● Your assignment: Repeat the stretch of entries below from the line with "For example (dummy" through the line with "Job: annotate a 3D cuboid". Include both ends and add nothing.
:::::
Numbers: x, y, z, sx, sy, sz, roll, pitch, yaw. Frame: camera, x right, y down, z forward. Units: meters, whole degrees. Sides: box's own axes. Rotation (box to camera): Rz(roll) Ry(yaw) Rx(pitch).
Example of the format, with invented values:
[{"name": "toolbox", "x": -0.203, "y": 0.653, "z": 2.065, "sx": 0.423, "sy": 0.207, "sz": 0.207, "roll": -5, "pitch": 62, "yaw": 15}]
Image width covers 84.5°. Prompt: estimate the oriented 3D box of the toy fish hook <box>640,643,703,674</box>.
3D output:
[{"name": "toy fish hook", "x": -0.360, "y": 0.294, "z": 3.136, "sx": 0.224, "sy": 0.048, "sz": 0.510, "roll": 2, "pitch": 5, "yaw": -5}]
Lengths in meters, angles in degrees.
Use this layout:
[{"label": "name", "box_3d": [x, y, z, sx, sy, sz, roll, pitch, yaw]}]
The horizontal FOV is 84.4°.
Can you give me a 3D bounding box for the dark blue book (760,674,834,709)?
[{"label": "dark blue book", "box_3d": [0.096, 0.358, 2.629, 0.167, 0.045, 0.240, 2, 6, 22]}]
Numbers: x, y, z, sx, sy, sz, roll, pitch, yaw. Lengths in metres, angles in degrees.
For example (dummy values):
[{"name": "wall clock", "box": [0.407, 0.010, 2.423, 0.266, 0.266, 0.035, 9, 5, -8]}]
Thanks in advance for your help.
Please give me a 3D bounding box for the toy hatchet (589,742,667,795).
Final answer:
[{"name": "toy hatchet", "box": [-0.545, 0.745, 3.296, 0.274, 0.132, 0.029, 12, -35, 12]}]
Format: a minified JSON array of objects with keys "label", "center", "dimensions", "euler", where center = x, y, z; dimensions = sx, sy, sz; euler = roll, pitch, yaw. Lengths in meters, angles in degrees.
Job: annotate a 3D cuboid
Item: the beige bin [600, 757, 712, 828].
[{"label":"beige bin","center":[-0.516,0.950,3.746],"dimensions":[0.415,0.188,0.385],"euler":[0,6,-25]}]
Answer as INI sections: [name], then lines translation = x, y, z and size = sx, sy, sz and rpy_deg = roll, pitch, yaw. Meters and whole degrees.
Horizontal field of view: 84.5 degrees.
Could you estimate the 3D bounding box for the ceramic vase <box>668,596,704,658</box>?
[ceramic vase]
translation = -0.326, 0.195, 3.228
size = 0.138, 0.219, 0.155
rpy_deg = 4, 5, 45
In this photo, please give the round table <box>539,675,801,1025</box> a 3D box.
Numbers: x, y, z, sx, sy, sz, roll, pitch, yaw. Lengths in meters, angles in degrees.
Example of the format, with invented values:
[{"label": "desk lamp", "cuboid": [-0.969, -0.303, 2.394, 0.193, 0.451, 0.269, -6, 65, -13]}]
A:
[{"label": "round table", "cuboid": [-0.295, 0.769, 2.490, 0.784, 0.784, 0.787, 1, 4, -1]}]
:::::
● Result of the exercise:
For example (dummy values):
[{"name": "wall clock", "box": [0.407, 0.010, 2.423, 0.266, 0.266, 0.035, 9, 5, -8]}]
Thanks in advance for your help.
Please give me a 3D bounding box for the toy hatchet (589,742,667,795).
Final answer:
[{"name": "toy hatchet", "box": [-0.545, 0.745, 3.296, 0.274, 0.132, 0.029, 12, -35, 12]}]
Format: a minified JSON array of objects with keys "label", "center", "dimensions", "euler", where center = x, y, z; dimensions = sx, sy, sz; euler = roll, pitch, yaw. Lengths in meters, angles in degrees.
Job: annotate a 3D cuboid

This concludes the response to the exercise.